Watch out with Dollar Store dishes. They can leak.... something. I want to say lead, or... something. Ok so this isn't the most informative post. I do remember reading something though about Dollar Store ceramics though. As most are made over seas where there regulations are different and at such low cost, that the products used are not as good or necessarilyu "human" quality." I will see if I can find the actual info.

edited to add: link to another discussion about dollarstore dishes leaking chemicals/lead http://hedgehogcentral.com/forums/viewtopic.php?f=6&t=5195&p=42381&hilit=dish+chemical#p42381


----------



## MissC (Nov 15, 2010)

silvercat said:


> Ok so this isn't the most informative post.


silvercat you always make me laugh! (with you, of course, not at you).

You can get little heavy-bottomed ceramic dishes at CTire, HomeHardware, any kitchen store (and they can be painted on the outside for those of you that need the 'cute' factor) <ahem> kuzu...

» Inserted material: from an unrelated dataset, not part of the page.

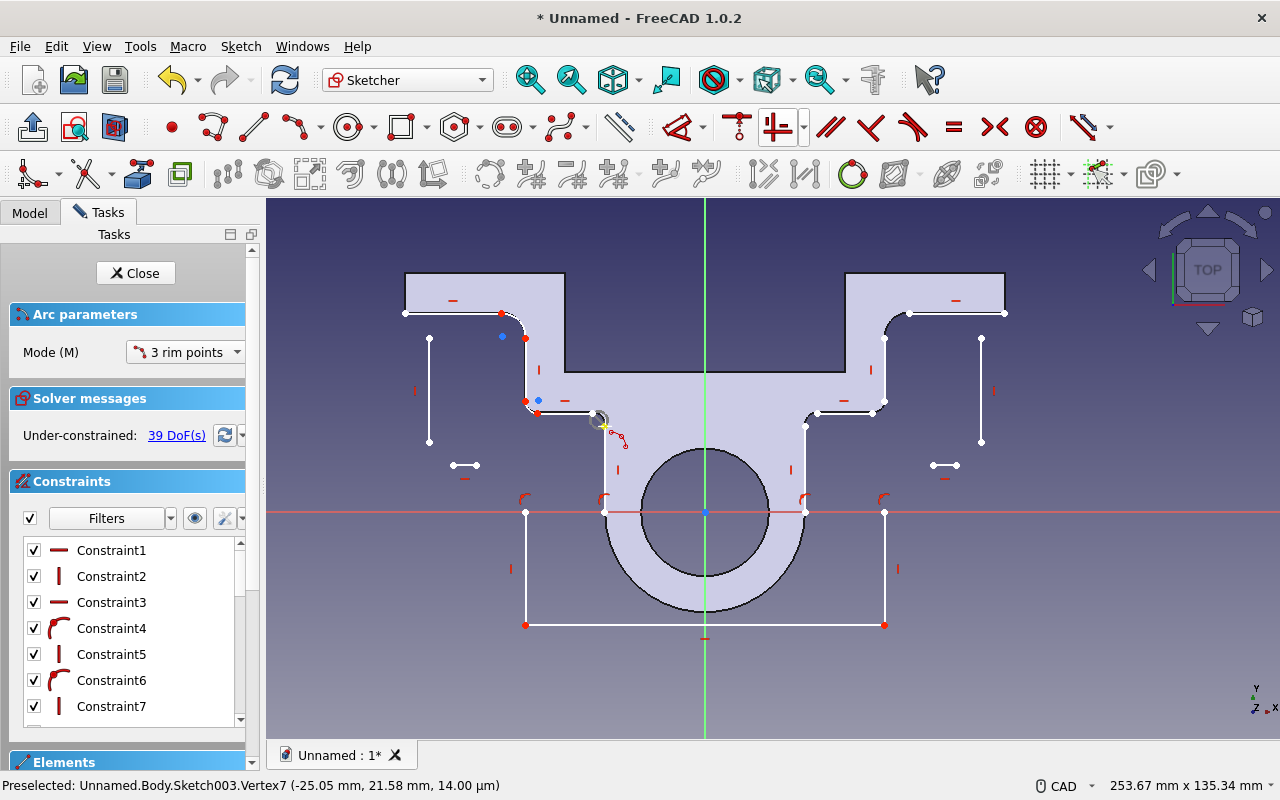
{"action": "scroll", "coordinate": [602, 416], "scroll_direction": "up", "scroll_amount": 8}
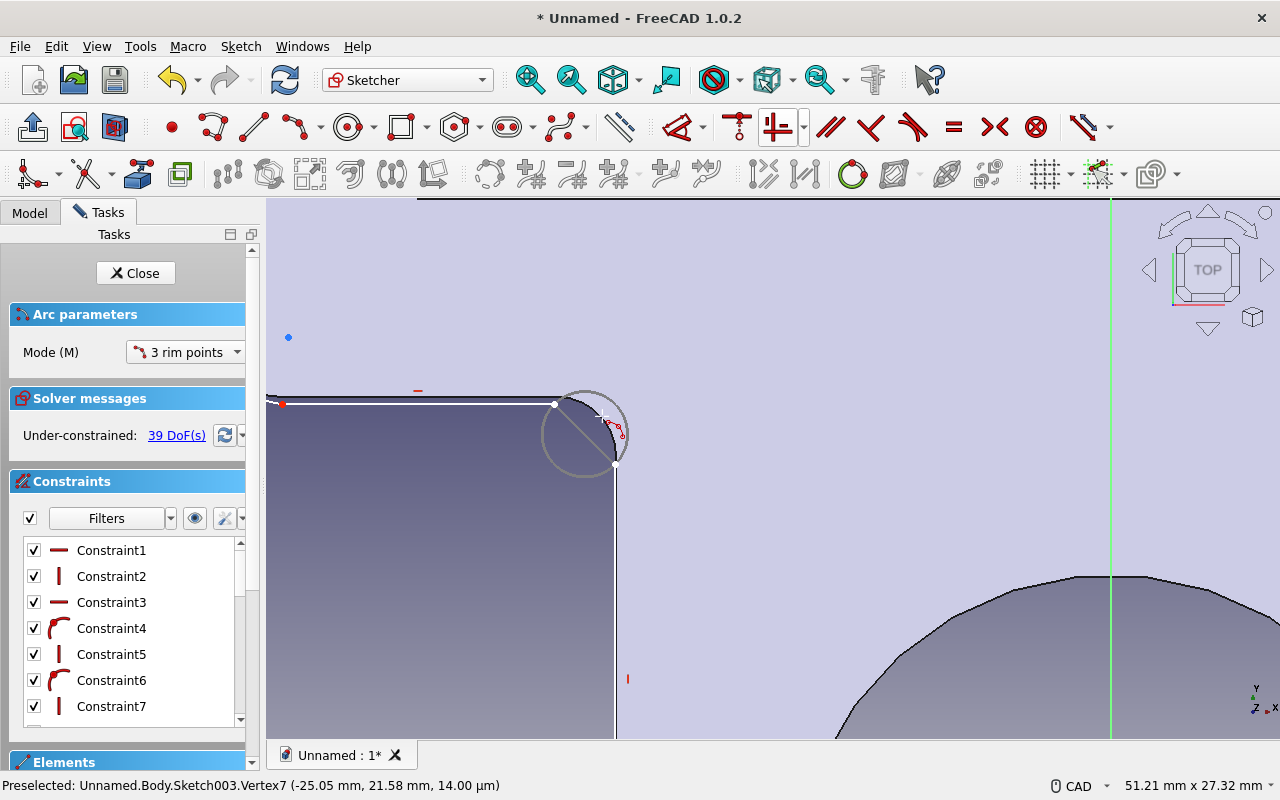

Pet stores also ceramic, heavy-bottomed dishes. But their call theirs food dishes. :lol: 
i kill me.


----------



## Kuzukuzu27 (Oct 20, 2010)

Eep! Now I'm worried... I'd get a lead testing kit, but I'm not sure where I could get one... Should I take the bowl out? They are meant to be food dishes, but could there still be a risk?

Oh, here I go into protective-worrisome-hedgie-mama mode. :|


----------



## Ophelia (Dec 10, 2010)

Reptile water dishes are great! :d But make sure to clean it daily if you use one. ^_^ I just run mine through reeeeally (dishwasher hands!) hot water and wipe it down with a cloth. I notice it gets gunk on the bottom too, so you'd have to wipe down the bottom.


----------



## Kuzukuzu27 (Oct 20, 2010)

The ramekins are/were made by Gryphonware, and I can't find anything on the net about them leaking lead, so I THINK I'm safe. However, if anybody feels I should replace them, absolutely let me know! I trust all the more experienced hedgie owners here.


----------



## MissC (Nov 15, 2010)

Kuzukuzu27 said:


> The ramekins are/were made by Gryphonware, and I can't find anything on the net about them leaking lead, so I THINK I'm safe. However, if anybody feels I should replace them, absolutely let me know! I trust all the more experienced hedgie owners here.


It has been a concern here and there...esp with stuff from China (I mean they put plastic in their baby formula :shock: . knowingly...willingly...). A lot of the dollar store 'bad' stuff does get weeded out, tho' cuz Canada's laws are so strict. What I do is check how long the store keeps bringing in the same brand...if they carry it for a long time, it's likely passed our laws, anyway. NOT a guarantee but likely safe. If there was a huge issue, you'd likely be hearing more about it.

if you want to be safe, get a similar style pet dish or find an American/Canadian made brand.


----------